TALLER DE ORACIÓN

LA VISITA DEL RESUCITADO

Por Julia Merodio

Cuando dejamos que, el Resucitado nos visite, somos capaces de entender que: su plenitud supera cualquier flaqueza; que las puertas del Reino están abiertas de par en par para el que quiere encontrarse con Él; que su mesa está repleta de pan, blandito, para los que buscan saciar su hambre; y que, el que cumple su palabra, nota la felicidad y el gozo dentro de su corazón.

Cuando me disponía a compartir con vosotros el tema, para la oración de esta semana, venían a mi mente dos situaciones que sin buscarlas han llegado hasta mí. Y, en medio de tantos mensajes como nos llegan reiteradamente, ellas encerraban algo valioso que quedó grabado en mi mente.

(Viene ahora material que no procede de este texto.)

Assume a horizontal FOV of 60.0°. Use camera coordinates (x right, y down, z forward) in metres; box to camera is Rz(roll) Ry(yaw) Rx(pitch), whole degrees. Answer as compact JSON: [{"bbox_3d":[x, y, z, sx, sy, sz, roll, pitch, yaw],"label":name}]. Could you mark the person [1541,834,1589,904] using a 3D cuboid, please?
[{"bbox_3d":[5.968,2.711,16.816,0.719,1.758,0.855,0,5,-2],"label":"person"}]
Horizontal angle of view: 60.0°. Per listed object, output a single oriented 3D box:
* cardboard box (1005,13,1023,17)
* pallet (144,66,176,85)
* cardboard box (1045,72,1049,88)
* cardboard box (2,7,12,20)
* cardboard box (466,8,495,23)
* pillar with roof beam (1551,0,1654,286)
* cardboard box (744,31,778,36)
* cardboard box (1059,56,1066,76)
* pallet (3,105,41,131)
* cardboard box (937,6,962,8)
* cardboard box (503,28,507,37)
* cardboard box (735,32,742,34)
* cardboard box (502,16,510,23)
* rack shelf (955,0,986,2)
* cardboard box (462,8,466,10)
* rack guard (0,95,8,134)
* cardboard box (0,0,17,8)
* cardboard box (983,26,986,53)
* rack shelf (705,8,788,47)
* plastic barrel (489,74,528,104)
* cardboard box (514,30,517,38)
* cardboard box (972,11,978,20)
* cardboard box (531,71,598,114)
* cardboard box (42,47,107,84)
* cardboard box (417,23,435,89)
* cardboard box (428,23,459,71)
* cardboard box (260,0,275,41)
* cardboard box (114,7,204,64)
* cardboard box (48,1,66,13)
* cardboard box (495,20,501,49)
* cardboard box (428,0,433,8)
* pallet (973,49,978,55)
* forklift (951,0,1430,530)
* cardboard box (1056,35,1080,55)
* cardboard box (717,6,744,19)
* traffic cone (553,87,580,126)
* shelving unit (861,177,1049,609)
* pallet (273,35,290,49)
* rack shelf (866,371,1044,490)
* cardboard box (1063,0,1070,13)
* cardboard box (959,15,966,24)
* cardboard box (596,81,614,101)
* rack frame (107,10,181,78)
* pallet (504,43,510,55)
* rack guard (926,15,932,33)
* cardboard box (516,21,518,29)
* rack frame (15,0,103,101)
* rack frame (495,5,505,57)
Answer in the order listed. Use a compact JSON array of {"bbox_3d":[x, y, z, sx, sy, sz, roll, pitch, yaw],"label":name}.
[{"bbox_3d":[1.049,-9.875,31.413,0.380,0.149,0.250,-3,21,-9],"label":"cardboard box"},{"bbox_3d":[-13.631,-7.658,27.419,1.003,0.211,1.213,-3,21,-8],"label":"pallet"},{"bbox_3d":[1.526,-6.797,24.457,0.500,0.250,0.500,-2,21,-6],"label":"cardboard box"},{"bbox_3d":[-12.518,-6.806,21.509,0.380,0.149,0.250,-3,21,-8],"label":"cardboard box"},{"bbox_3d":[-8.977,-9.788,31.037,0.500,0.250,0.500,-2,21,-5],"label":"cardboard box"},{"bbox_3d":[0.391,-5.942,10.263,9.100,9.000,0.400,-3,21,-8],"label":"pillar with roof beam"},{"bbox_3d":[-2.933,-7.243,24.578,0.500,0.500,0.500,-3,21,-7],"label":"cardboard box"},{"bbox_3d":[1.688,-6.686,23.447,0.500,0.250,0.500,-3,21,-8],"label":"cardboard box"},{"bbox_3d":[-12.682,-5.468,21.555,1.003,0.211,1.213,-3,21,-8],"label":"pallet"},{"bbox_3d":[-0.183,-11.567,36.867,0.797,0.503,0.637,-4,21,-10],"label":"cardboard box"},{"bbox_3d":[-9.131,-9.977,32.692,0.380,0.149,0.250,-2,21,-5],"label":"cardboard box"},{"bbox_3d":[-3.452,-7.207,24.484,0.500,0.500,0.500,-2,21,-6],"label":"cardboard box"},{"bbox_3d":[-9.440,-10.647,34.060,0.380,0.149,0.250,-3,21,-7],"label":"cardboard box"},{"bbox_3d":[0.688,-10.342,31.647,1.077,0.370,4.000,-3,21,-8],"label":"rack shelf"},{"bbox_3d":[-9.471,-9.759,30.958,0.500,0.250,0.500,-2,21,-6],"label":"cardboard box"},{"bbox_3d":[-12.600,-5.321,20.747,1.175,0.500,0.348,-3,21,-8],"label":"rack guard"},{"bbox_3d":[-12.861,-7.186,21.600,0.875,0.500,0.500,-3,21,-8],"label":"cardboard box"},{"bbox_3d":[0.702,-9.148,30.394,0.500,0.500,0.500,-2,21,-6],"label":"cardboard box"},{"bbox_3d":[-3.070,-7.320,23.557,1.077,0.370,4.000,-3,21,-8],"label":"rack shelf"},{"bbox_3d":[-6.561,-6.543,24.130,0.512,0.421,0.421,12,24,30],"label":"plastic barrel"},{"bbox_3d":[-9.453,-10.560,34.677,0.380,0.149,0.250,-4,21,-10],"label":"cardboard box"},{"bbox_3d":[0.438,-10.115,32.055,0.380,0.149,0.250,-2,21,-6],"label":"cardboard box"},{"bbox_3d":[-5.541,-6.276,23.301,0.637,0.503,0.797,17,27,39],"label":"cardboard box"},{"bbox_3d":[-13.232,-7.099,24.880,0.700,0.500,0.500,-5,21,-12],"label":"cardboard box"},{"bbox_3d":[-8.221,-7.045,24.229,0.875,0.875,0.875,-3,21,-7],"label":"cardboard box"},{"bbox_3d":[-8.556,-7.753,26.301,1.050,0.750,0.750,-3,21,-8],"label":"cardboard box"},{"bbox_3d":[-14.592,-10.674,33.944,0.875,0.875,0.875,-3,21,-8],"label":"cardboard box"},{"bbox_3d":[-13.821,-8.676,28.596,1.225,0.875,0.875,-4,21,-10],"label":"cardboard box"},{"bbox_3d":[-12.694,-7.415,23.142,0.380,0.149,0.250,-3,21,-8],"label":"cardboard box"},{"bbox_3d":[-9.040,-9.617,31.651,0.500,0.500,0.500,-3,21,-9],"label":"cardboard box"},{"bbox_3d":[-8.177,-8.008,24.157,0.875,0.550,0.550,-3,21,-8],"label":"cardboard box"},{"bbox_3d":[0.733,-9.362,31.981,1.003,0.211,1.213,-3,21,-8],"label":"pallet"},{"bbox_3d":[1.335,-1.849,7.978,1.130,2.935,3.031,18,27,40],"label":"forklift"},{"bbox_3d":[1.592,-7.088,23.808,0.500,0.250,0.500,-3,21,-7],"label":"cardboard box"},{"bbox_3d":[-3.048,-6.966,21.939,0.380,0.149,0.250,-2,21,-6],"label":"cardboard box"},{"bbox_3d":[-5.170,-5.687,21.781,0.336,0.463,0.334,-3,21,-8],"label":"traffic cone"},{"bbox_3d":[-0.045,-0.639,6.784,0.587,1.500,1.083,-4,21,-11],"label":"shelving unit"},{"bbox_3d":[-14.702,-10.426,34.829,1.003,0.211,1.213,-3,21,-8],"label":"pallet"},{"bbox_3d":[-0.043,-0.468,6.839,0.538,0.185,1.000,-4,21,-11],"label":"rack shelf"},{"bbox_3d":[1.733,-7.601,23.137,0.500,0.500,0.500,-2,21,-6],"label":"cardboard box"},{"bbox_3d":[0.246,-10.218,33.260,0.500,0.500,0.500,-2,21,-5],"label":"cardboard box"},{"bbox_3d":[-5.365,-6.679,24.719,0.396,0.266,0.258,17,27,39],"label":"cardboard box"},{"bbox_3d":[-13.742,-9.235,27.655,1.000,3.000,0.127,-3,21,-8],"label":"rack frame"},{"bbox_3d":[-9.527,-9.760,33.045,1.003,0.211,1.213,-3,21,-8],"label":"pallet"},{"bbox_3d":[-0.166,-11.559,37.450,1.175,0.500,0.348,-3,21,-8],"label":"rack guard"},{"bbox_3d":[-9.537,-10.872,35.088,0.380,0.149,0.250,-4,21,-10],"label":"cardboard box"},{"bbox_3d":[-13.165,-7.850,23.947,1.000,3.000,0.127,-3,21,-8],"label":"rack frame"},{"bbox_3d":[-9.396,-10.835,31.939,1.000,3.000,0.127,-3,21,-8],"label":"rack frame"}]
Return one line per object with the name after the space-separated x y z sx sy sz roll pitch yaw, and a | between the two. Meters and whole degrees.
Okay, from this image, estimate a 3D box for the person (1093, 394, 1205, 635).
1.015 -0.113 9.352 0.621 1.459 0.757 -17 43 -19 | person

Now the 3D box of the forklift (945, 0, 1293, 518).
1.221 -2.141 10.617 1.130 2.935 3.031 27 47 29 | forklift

La primera la he recibido, recientemente, en un correo de Internet. No puedo plasmarla literalmente porque no la tengo, pero lo que presenta es lo siguiente:

“Una profesora pregunta, en una clase de niños pequeños, quién es Jesús para ellos. Cada uno va dando su versión y tratándose de niños las respuestas eran geniales, pero el más tímido de la clase levanta la mano y dice: Mi mamá me ha dicho que Jesús es, como el azúcar en mi leche, que yo no la veo pero que si no estuviese la leche no estaría dulce. Aso es, afirma la profesora, Jesús está en medio de nosotros, aunque no lo veamos, pero si se fuese nuestra vida quedaría sin sabor. Y emocionada continúa: acabas de darnos una preciosa enseñanza, Jesús es, como el azúcar y que está, todos los días, endulzando nuestra vida”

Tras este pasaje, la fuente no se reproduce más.